Ned has 25 years experience in organizational and leadership development, having consulted and conducted research with a variety of organizations including Johns Hopkins University Medical Institutes, Prudential Retirement, U.S. Environmental Protection Agency, U.S. Navy, Roadway Express, Society for Organizational Learning’s Sustainability Consortium, and Stephen R. Covey and Associates. He also worked for the Corporate Executive Board and for The World Bank Group.

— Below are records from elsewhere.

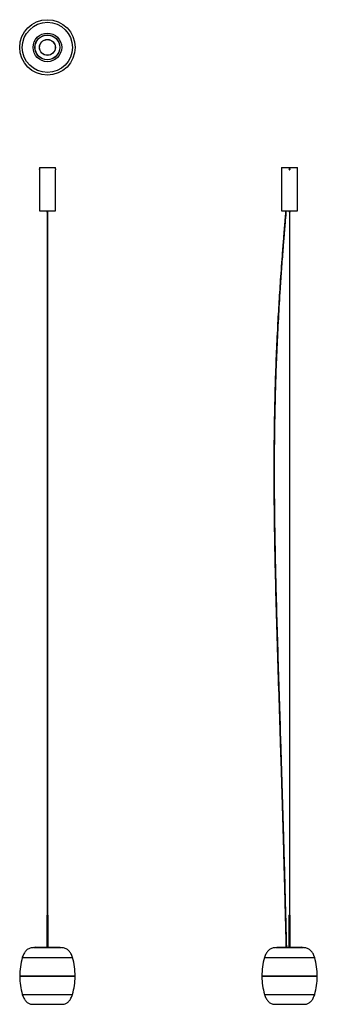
# Model space of a CAD drawing. Header units: millimetres. Extents: x 2589 to 3797, y 3495 to 7492.
import ezdxf

# ---------------------------------------------------------------- set-up
doc = ezdxf.new("R2010")
doc.units = ezdxf.units.MM
doc.header["$LTSCALE"] = 20

msp = doc.modelspace()

# ---------------------------------------------------------------- linework, layer by layer
at = {"color": 7, "linetype": 'Continuous', "lineweight": 25}
for p, q in [((2669.2, 6892.2), (2669.2, 6886.3)), ((2669.2, 6892.2), (2734.2, 6892.2)), ((2669.2, 6883), (2669.2, 6886.2)), ((2669.2, 6882.9), (2669.2, 6715.2)), ((2734.2, 6886.3), (2734.2, 6892.2)), ((2734.2, 6886.2), (2734.2, 6883)), ((2734.2, 6715.2), (2734.2, 6882.9)), ((3652, 6892.2), (3652, 6715.2)), ((3652, 6892.2), (3684.5, 6892.2)), ((3683.7, 6885.4), (3683.3, 6884.3)), ((3684.1, 6883.5), (3683.3, 6884.3)), ((3683.7, 6885.4), (3684.8, 6885.7)), ((3684.1, 6883.5), (3685.3, 6883.8)), ((3684.1, 6883.5), (3684.2, 6883.5)), ((3684.5, 6892.2), (3717, 6892.2)), ((3684.8, 6885.7), (3685.6, 6884.9)), ((3685.3, 6883.8), (3685.6, 6884.9)), ((3717, 6715.2), (3717, 6892.2)), ((2669.2, 6715.2), (2734.2, 6715.2)), ((2699.8, 6715.2), (2699.8, 6711)), ((2703.7, 6711), (2703.7, 6715.2)), ((3652, 6715.2), (3684.5, 6715.2)), ((3668, 6715.2), (3668, 6707.3)), ((3671, 6707.1), (3671, 6715.2)), ((3682.5, 6715.2), (3682.5, 6711)), ((3684.5, 6715.2), (3717, 6715.2)), ((3686.4, 6711), (3686.4, 6715.2)), ((2699.8, 6711), (2703.7, 6711)), ((2700.2, 6711), (2700.2, 6707.2)), ((2701.1, 6711), (2701.1, 3857)), ((2702.3, 3857), (2702.3, 6711)), ((2703.2, 6707.2), (2703.2, 6711)), ((3682.5, 6711), (3685, 6711)), ((3683.9, 6711), (3683.9, 3857)), ((3685, 6711), (3686.4, 6711)), ((3685.1, 3857), (3685.1, 6711)), ((2698.7, 3857), (2698.7, 3727)), ((2698.7, 3857), (2700.2, 3857)), ((2700.2, 3857), (2704.7, 3857)), ((2704.7, 3727), (2704.7, 3857)), ((3681.5, 3857), (3681.5, 3727)), ((3681.5, 3857), (3687.1, 3857)), ((3687.1, 3857), (3687.5, 3857)), ((3687.5, 3727), (3687.5, 3857)), ((2646.7, 3725), (2752.7, 3725)), ((2752.7, 3726), (2650.7, 3726)), ((2651.7, 3727), (2751.7, 3727)), ((2752.7, 3725), (2756.7, 3725)), ((3629.5, 3725), (3739.5, 3725)), ((3735.5, 3726), (3633.5, 3726)), ((3634.5, 3727), (3734.5, 3727)), ((2599.9, 3684.5), (2796, 3684.5)), ((2796, 3684.5), (2803.6, 3684.5)), ((3582.6, 3684.5), (3786.3, 3684.5)), ((2589.2, 3609.5), (2590.3, 3608.5)), ((2814.2, 3609.5), (2589.2, 3609.5)), ((2590.3, 3608.5), (2589.3, 3607.5)), ((2805.9, 3607.5), (2589.3, 3607.5)), ((2813.2, 3608.5), (2590.3, 3608.5)), ((2814.2, 3607.5), (2805.9, 3607.5)), ((2813.2, 3608.5), (2814.2, 3609.5)), ((2814.2, 3607.5), (2813.2, 3608.5)), ((3572, 3609.5), (3573, 3608.5)), ((3642, 3609.5), (3572, 3609.5)), ((3573, 3608.5), (3572, 3607.5)), ((3796.9, 3607.5), (3572, 3607.5)), ((3642.4, 3608.5), (3573, 3608.5)), ((3797, 3609.5), (3642, 3609.5)), ((3796, 3608.5), (3642.4, 3608.5)), ((3796, 3608.5), (3797, 3609.5)), ((3796.9, 3607.5), (3796, 3608.5)), ((2599.9, 3535.5), (2796, 3535.5)), ((2796, 3535.5), (2803.6, 3535.5)), ((3582.6, 3535.5), (3786.3, 3535.5)), ((2643.7, 3495), (2755.5, 3495)), ((2755.5, 3495), (2759.7, 3495)), ((3626.5, 3495), (3742.5, 3495))]:
    msp.add_line(p, q, dxfattribs=at)
for centre, radius in [((2701.7, 7379.2), 112.5), ((2701.7, 7379.2), 112.5), ((2701.7, 7379.2), 112.5), ((2701.7, 7379.2), 101.8), ((2701.7, 7379.2), 58), ((2701.7, 7379.2), 50.5), ((2701.7, 7379.2), 50.5), ((2701.7, 7379.2), 50.5), ((2701.7, 7379.2), 50.3), ((2701.7, 7379.2), 50.2), ((2701.7, 7379.2), 32.2), ((2701.7, 7379.2), 32), ((3684.5, 6884.6), 1.61)]:
    msp.add_circle(centre, radius, dxfattribs=at)
for centre, radius, start, end in [((2766.7, 6884.6), 32.5, 177.0035, 182.9599), ((2651.7, 3726), 1, 90, 180), ((2651.7, 3726), 1, 180, 270), ((2751.7, 3726), 1, 0, 90), ((2751.7, 3726), 1, 270, 0), ((3734.5, 3726), 1, 0, 90), ((3734.5, 3726), 1, 270, 0), ((2854.8, 3610), 265.6, 163.7086, 180.1071), ((2548.7, 3610), 265.6, 359.8929, 16.2914), ((3837.5, 3610), 265.6, 163.7086, 180.1071), ((3531.4, 3610), 265.6, 359.8929, 16.2914), ((2854.8, 3610), 265.6, 180.5378, 196.2914), ((2548.7, 3610), 265.6, 343.7086, 359.4622), ((3837.5, 3610), 265.6, 180.5378, 196.2914), ((3531.4, 3610), 265.6, 343.7086, 359.4622)]:
    msp.add_arc(centre, radius, start, end, dxfattribs=at)
for points, knots in [([(2669.2, 6886.3), (2669.2, 6886.3), (2669.2, 6886.3), (2669.3, 6886.2), (2669.3, 6886), (2669.3, 6885.5), (2669.3, 6885), (2669.3, 6884.7), (2669.3, 6884.6)], [0, 0, 0, 0, 0.005579, 0.219979, 0.43438, 0.649034, 0.863802, 1, 1, 1, 1]), ([(2669.3, 6884.6), (2669.3, 6884.4), (2669.3, 6884), (2669.3, 6883.5), (2669.3, 6883.1), (2669.2, 6882.9), (2669.2, 6882.9), (2669.2, 6882.9)], [0, 0, 0, 0, 0.2146378, 0.4292686, 0.644084, 0.8590199, 1, 1, 1, 1]), ([(3686.2, 6884.6), (3686.1, 6884.4), (3686.1, 6884), (3685.8, 6883.5), (3685.4, 6883.1), (3684.8, 6882.9), (3684.3, 6882.9), (3683.7, 6883.1), (3683.2, 6883.4), (3682.9, 6883.9), (3682.7, 6884.4), (3682.8, 6885), (3683, 6885.5), (3683.4, 6886), (3683.9, 6886.3), (3684.5, 6886.3), (3685, 6886.2), (3685.6, 6886), (3685.9, 6885.5), (3686.1, 6885), (3686.2, 6884.7), (3686.2, 6884.6)], [0, 0, 0, 0, 0.053639, 0.107276, 0.160959, 0.214672, 0.268335, 0.321946, 0.375584, 0.429286, 0.482989, 0.536629, 0.590239, 0.643901, 0.697613, 0.751298, 0.804919, 0.85854, 0.912224, 0.965937, 1, 1, 1, 1]), ([(2700.2, 6707.4), (2700.2, 6703.8), (2700.2, 6696.9), (2700.2, 6687.2), (2700.2, 6678.6), (2700.2, 6671.2), (2700.2, 6664.8), (2700.2, 6659.4), (2700.2, 6654.5), (2700.2, 6649.8), (2700.2, 6640.8), (2700.2, 6627.6), (2700.2, 6594.9), (2700.2, 6530.5), (2700.2, 6438.5), (2700.2, 6333.9), (2700.2, 6227), (2700.2, 6113.5), (2700.2, 5993.7), (2700.2, 5878), (2700.2, 5766.7), (2700.2, 5659.6), (2700.2, 5552.6), (2700.2, 5445.5), (2700.2, 5338.5), (2700.2, 5206.4), (2700.2, 5049.3), (2700.2, 4867), (2700.2, 4684.9), (2700.2, 4539.1), (2700.2, 4429.9), (2700.2, 4357), (2700.2, 4284.1), (2700.2, 4211), (2700.2, 4146.6), (2700.2, 4090.7), (2700.2, 4043.4), (2700.2, 3995.8), (2700.2, 3955.1), (2700.2, 3921.5), (2700.2, 3901.2), (2700.2, 3887), (2700.2, 3878.9), (2700.2, 3870.6), (2700.2, 3863.3), (2700.2, 3858.7), (2700.2, 3857)], [0, 0, 0, 0, 0.003826, 0.007241, 0.010257, 0.012881, 0.015122, 0.016954, 0.018594, 0.020253, 0.021932, 0.028078, 0.034279, 0.056426, 0.095977, 0.131293, 0.166612, 0.20866, 0.25071, 0.292758, 0.330297, 0.367832, 0.405363, 0.442885, 0.480404, 0.517916, 0.581843, 0.645754, 0.709654, 0.773543, 0.799092, 0.824646, 0.850204, 0.875791, 0.901596, 0.917933, 0.934601, 0.951344, 0.968077, 0.97741, 0.986623, 0.98948, 0.992314, 0.99513, 0.998264, 1, 1, 1, 1]), ([(2700.2, 6707.2), (2700.2, 6707.2), (2700.3, 6707.2), (2700.3, 6707.2), (2700.6, 6707.2), (2700.9, 6707.2), (2701.1, 6707.2), (2701.1, 6707.2)], [0, 0, 0, 0, 0.015277, 0.307935, 0.600597, 0.89313, 1, 1, 1, 1]), ([(2702.3, 6707.2), (2702.4, 6707.2), (2702.6, 6707.2), (2702.9, 6707.2), (2703.1, 6707.2), (2703.2, 6707.2), (2703.2, 6707.2), (2703.2, 6707.2), (2703.2, 6707.2)], [0, 0, 0, 0, 0.049166, 0.340428, 0.632178, 0.923922, 0.984761, 1, 1, 1, 1]), ([(2703.2, 3857), (2703.2, 3859.9), (2703.2, 3870.4), (2703.2, 3890.9), (2703.2, 3918.5), (2703.2, 3948.5), (2703.2, 3978.3), (2703.2, 4015.9), (2703.2, 4060.8), (2703.2, 4112.8), (2703.2, 4164.1), (2703.2, 4238), (2703.2, 4334.9), (2703.2, 4454.8), (2703.2, 4588.2), (2703.2, 4735.2), (2703.2, 4895.7), (2703.2, 5056.3), (2703.2, 5202.5), (2703.2, 5334.3), (2703.2, 5451.7), (2703.2, 5569), (2703.2, 5686.5), (2703.2, 5803.9), (2703.2, 5921.3), (2703.2, 6039.8), (2703.2, 6159.3), (2703.2, 6279.7), (2703.2, 6386.4), (2703.2, 6479.4), (2703.2, 6537), (2703.2, 6572.7), (2703.2, 6586.7), (2703.2, 6600.7), (2703.2, 6614.6), (2703.2, 6625.4), (2703.2, 6633.1), (2703.2, 6637.7), (2703.2, 6642.2), (2703.2, 6647), (2703.2, 6652.5), (2703.2, 6659.1), (2703.2, 6666.6), (2703.2, 6675.2), (2703.2, 6684.9), (2703.2, 6695.8), (2703.2, 6703.4), (2703.2, 6707.4)], [0, 0, 0, 0, 0.003019, 0.011021, 0.021634, 0.032059, 0.042543, 0.053035, 0.071549, 0.089778, 0.10777, 0.125519, 0.167603, 0.20964, 0.25168, 0.307986, 0.364303, 0.420631, 0.476968, 0.518111, 0.559262, 0.600417, 0.641582, 0.682752, 0.723927, 0.765105, 0.807381, 0.849656, 0.891928, 0.919826, 0.947721, 0.95263, 0.957539, 0.962449, 0.967358, 0.972195, 0.973875, 0.975497, 0.977061, 0.978624, 0.98055, 0.982903, 0.985518, 0.988526, 0.991936, 0.995756, 1, 1, 1, 1]), ([(3668, 6707.3), (3667.7, 6703.7), (3667.1, 6697), (3666.2, 6687.3), (3665.5, 6678.8), (3664.9, 6671.3), (3664.3, 6664.9), (3663.9, 6659.5), (3663.5, 6654.7), (3663.1, 6650), (3662.3, 6641), (3661.2, 6627.7), (3658.6, 6595), (3653.5, 6530.6), (3646.9, 6438.6), (3640.2, 6334), (3634.3, 6227.1), (3629.1, 6113.6), (3625, 5993.8), (3622.3, 5878.1), (3620.8, 5766.8), (3620.4, 5659.7), (3620.8, 5552.6), (3622, 5445.6), (3623.8, 5338.6), (3626.7, 5206.5), (3631, 5049.3), (3636.6, 4867.1), (3642.4, 4684.9), (3647.1, 4539.2), (3650.5, 4429.9), (3652.7, 4357), (3654.9, 4284.1), (3657, 4211), (3658.9, 4146.6), (3660.4, 4090.7), (3661.7, 4043.4), (3663, 3995.8), (3664.1, 3955.1), (3664.9, 3921.5), (3665.5, 3901.2), (3665.8, 3887), (3666, 3878.9), (3666.3, 3870.6), (3666.5, 3861.5), (3666.7, 3851.5), (3667, 3840.5), (3667.3, 3828.6), (3667.6, 3816), (3668, 3802.8), (3668.3, 3789.2), (3668.6, 3776.7), (3668.9, 3765.4), (3669.1, 3755.7), (3669.3, 3746.5), (3669.5, 3738.8), (3669.7, 3732.7), (3669.7, 3729.2), (3669.8, 3727.3), (3669.8, 3727)], [0, 0, 0, 0, 0.00357, 0.006837, 0.009722, 0.012232, 0.014375, 0.016128, 0.017696, 0.019283, 0.02089, 0.026768, 0.032699, 0.053882, 0.091712, 0.125492, 0.159274, 0.199493, 0.239713, 0.279932, 0.315837, 0.351739, 0.387637, 0.423527, 0.459414, 0.495293, 0.556439, 0.617569, 0.678689, 0.739798, 0.764236, 0.788678, 0.813124, 0.837598, 0.86228, 0.877905, 0.893849, 0.909862, 0.925868, 0.934796, 0.943608, 0.946341, 0.949052, 0.951746, 0.954742, 0.958192, 0.961843, 0.965823, 0.970078, 0.974541, 0.979129, 0.983744, 0.98715, 0.990445, 0.993561, 0.99642, 0.998138, 0.999672, 1, 1, 1, 1]), ([(3672.8, 3727), (3672.8, 3728.3), (3672.7, 3731.3), (3672.6, 3736.2), (3672.5, 3741.7), (3672.2, 3750.4), (3672, 3762.2), (3671.6, 3775.4), (3671.4, 3786.9), (3671.1, 3796.4), (3670.9, 3805.2), (3670.7, 3813.1), (3670.4, 3825.6), (3670, 3843.1), (3669.4, 3865.7), (3668.7, 3890.9), (3668, 3918.5), (3667.2, 3948.5), (3666.5, 3978.3), (3665.5, 4015.9), (3664.2, 4060.8), (3662.8, 4112.8), (3661.4, 4164.1), (3659.2, 4238), (3656.4, 4334.9), (3652.7, 4454.8), (3648.5, 4588.2), (3643.8, 4735.1), (3638.7, 4895.7), (3633.8, 5056.3), (3629.9, 5202.5), (3626.9, 5334.2), (3624.9, 5451.6), (3623.6, 5569), (3623.4, 5686.4), (3624.1, 5803.8), (3626.1, 5921.2), (3629.4, 6039.7), (3634, 6159.1), (3640, 6279.6), (3646.5, 6386.3), (3652.8, 6479.3), (3657.1, 6536.9), (3659.9, 6572.6), (3660.9, 6586.6), (3662.1, 6600.5), (3663.2, 6614.4), (3664.1, 6625.3), (3664.7, 6633), (3665.1, 6637.6), (3665.4, 6642.1), (3665.8, 6646.9), (3666.3, 6652.4), (3666.8, 6658.9), (3667.5, 6666.5), (3668.2, 6675.1), (3669, 6684.8), (3670, 6695.6), (3670.6, 6703.3), (3671, 6707.3)], [0, 0, 0, 0, 0.001313, 0.00303, 0.004896, 0.006873, 0.011781, 0.016743, 0.02016, 0.023374, 0.026318, 0.028938, 0.031397, 0.038876, 0.046494, 0.054146, 0.064297, 0.074267, 0.084294, 0.094328, 0.112036, 0.129469, 0.146677, 0.163652, 0.203902, 0.244106, 0.284312, 0.338163, 0.392024, 0.445895, 0.499776, 0.539124, 0.578481, 0.617842, 0.657211, 0.696587, 0.735966, 0.775348, 0.815781, 0.856213, 0.896641, 0.923322, 0.95, 0.954696, 0.959391, 0.964086, 0.968782, 0.973408, 0.975014, 0.976566, 0.978061, 0.979557, 0.981398, 0.983648, 0.98615, 0.989027, 0.992287, 0.995941, 1, 1, 1, 1]), ([(3669.5, 6707.2), (3669.5, 6707.2), (3669.3, 6707.2), (3668.9, 6707.2), (3668.5, 6707.3), (3668.2, 6707.3), (3668, 6707.3), (3668, 6707.3), (3668, 6707.3)], [0, 0, 0, 0, 0.011222, 0.226213, 0.441206, 0.656105, 0.87081, 1, 1, 1, 1]), ([(3669.5, 6707.2), (3669.5, 6707.2), (3669.6, 6707.2), (3670, 6707.2), (3670.4, 6707.2), (3670.8, 6707.2), (3670.9, 6707.1), (3670.9, 6707.1), (3670.9, 6707.1)], [0, 0, 0, 0, 0.011222, 0.226212, 0.441205, 0.656103, 0.870808, 1, 1, 1, 1]), ([(2646.7, 3725), (2644.2, 3724.9), (2639.3, 3724.7), (2632.3, 3723.2), (2625.8, 3720.6), (2619.9, 3717), (2614.6, 3712.4), (2610, 3706.8), (2606, 3700.3), (2602.5, 3692.8), (2600.8, 3687.3), (2599.9, 3684.5)], [0, 0, 0, 0, 0.112668, 0.218882, 0.321235, 0.422618, 0.526003, 0.632211, 0.74539, 0.867471, 1, 1, 1, 1]), ([(2803.6, 3684.5), (2802.7, 3687.4), (2800.9, 3692.9), (2797.4, 3700.5), (2793.3, 3707.1), (2788.5, 3712.7), (2783.2, 3717.3), (2777.4, 3720.8), (2771, 3723.2), (2764.1, 3724.8), (2759.2, 3724.9), (2756.7, 3725)], [0, 0, 0, 0, 0.134835, 0.258866, 0.373733, 0.481497, 0.584641, 0.684187, 0.784822, 0.889277, 1, 1, 1, 1]), ([(3629.5, 3725), (3626.9, 3724.9), (3622, 3724.7), (3615, 3723.2), (3608.5, 3720.6), (3602.6, 3717), (3597.3, 3712.4), (3592.7, 3706.8), (3588.7, 3700.3), (3585.3, 3692.8), (3583.5, 3687.3), (3582.6, 3684.5)], [0, 0, 0, 0, 0.112668, 0.218882, 0.321235, 0.422618, 0.526003, 0.632211, 0.74539, 0.867471, 1, 1, 1, 1]), ([(3633.5, 3726), (3633.5, 3726), (3633.5, 3726.2), (3633.6, 3726.4), (3633.7, 3726.7), (3634, 3726.9), (3634.3, 3727), (3634.4, 3727), (3634.5, 3727)], [0, 0, 0, 0, 0.0363564, 0.2507865, 0.4652307, 0.6797806, 0.8944841, 1, 1, 1, 1]), ([(3634.5, 3725), (3634.4, 3725), (3634.2, 3725), (3633.9, 3725.2), (3633.7, 3725.4), (3633.5, 3725.7), (3633.5, 3725.9), (3633.5, 3726)], [0, 0, 0, 0, 0.185517, 0.400415, 0.615224, 0.829883, 1, 1, 1, 1]), ([(3786.3, 3684.5), (3785.4, 3687.4), (3783.6, 3692.9), (3780.1, 3700.5), (3776, 3707.1), (3771.3, 3712.7), (3766, 3717.3), (3760.1, 3720.8), (3753.7, 3723.2), (3746.8, 3724.8), (3741.9, 3724.9), (3739.5, 3725)], [0, 0, 0, 0, 0.134835, 0.258866, 0.373733, 0.481497, 0.584641, 0.684187, 0.784822, 0.889277, 1, 1, 1, 1]), ([(2599.9, 3535.5), (2600.8, 3532.6), (2602.6, 3527.1), (2606, 3519.5), (2609.9, 3512.9), (2614.3, 3507.3), (2619.3, 3502.8), (2624.7, 3499.3), (2630.6, 3496.8), (2637, 3495.3), (2641.5, 3495.1), (2643.7, 3495)], [0, 0, 0, 0, 0.139921, 0.268074, 0.385911, 0.495294, 0.598546, 0.696647, 0.794355, 0.894574, 1, 1, 1, 1]), ([(2759.7, 3495), (2762.1, 3495.1), (2766.6, 3495.3), (2773.1, 3496.9), (2779.1, 3499.4), (2784.6, 3503), (2789.5, 3507.7), (2793.8, 3513.3), (2797.6, 3519.8), (2801, 3527.3), (2802.7, 3532.7), (2803.6, 3535.5)], [0, 0, 0, 0, 0.107284, 0.209218, 0.308657, 0.408669, 0.512272, 0.62016, 0.73631, 0.862468, 1, 1, 1, 1]), ([(3582.6, 3535.5), (3583.5, 3532.6), (3585.3, 3527.1), (3588.7, 3519.5), (3592.6, 3512.9), (3597.1, 3507.3), (3602, 3502.8), (3607.4, 3499.3), (3613.4, 3496.8), (3619.8, 3495.3), (3624.2, 3495.1), (3626.5, 3495)], [0, 0, 0, 0, 0.139921, 0.268074, 0.385911, 0.495294, 0.598546, 0.696647, 0.794355, 0.894574, 1, 1, 1, 1]), ([(3742.5, 3495), (3744.8, 3495.1), (3749.3, 3495.3), (3755.8, 3496.9), (3761.8, 3499.4), (3767.3, 3503), (3772.2, 3507.7), (3776.5, 3513.3), (3780.3, 3519.8), (3783.7, 3527.3), (3785.4, 3532.7), (3786.3, 3535.5)], [0, 0, 0, 0, 0.107284, 0.209218, 0.308657, 0.408669, 0.512272, 0.62016, 0.73631, 0.862468, 1, 1, 1, 1])]:
    msp.add_open_spline(points, degree=3, knots=knots, dxfattribs=at)

doc.saveas('drawing.dxf')

Jody Hoffer Gittell is Professor of Management at Brandeis University’s Heller School for Social Policy and Management, and Board Member of the Relational Coordination Collaborative. She has founded Relational Coordination Theory, proposing that highly interdependent work is most effectively coordinated by frontline workers with each other, their customers and their leaders through relationships of shared goals, shared knowledge and mutual respect, supported by frequent, timely, accurate, problem-solving communication.

 

The theory is laid out in The Southwest Airlines Way: Using the Power of Relationships to Achieve High Performance (2005), and in High Performance Healthcare: Using the Power of Relationships to Achieve Quality, Efficiency and Resilience (2009). Relational coordination theory has been tested in 73 industry contexts and in 36 countries around the world, as of early 2020.

 

Gittell has also developed the Relational Model of Organizational Change to understand how organizations and their stakeholders strengthen relational coordination to achieve their desired outcomes using three types of interventions – relational, work process and structural – as described in Transforming Relationships for High Performance: The Power of Relational Coordination (2016). To support both research and organizational change, she developed the validated Relational Coordination Survey based on network methodology, with basic and innovative aspects described in Relational Analytics: Guidelines for Analysis and Action (2021).

 

Gittell is now working with Shyamal Sharma, founder of the Relational Society Project, to expand relational coordination beyond organizations to communities. This research and innovation lab helps communities bring multiple stakeholders together to create local solutions to global challenges.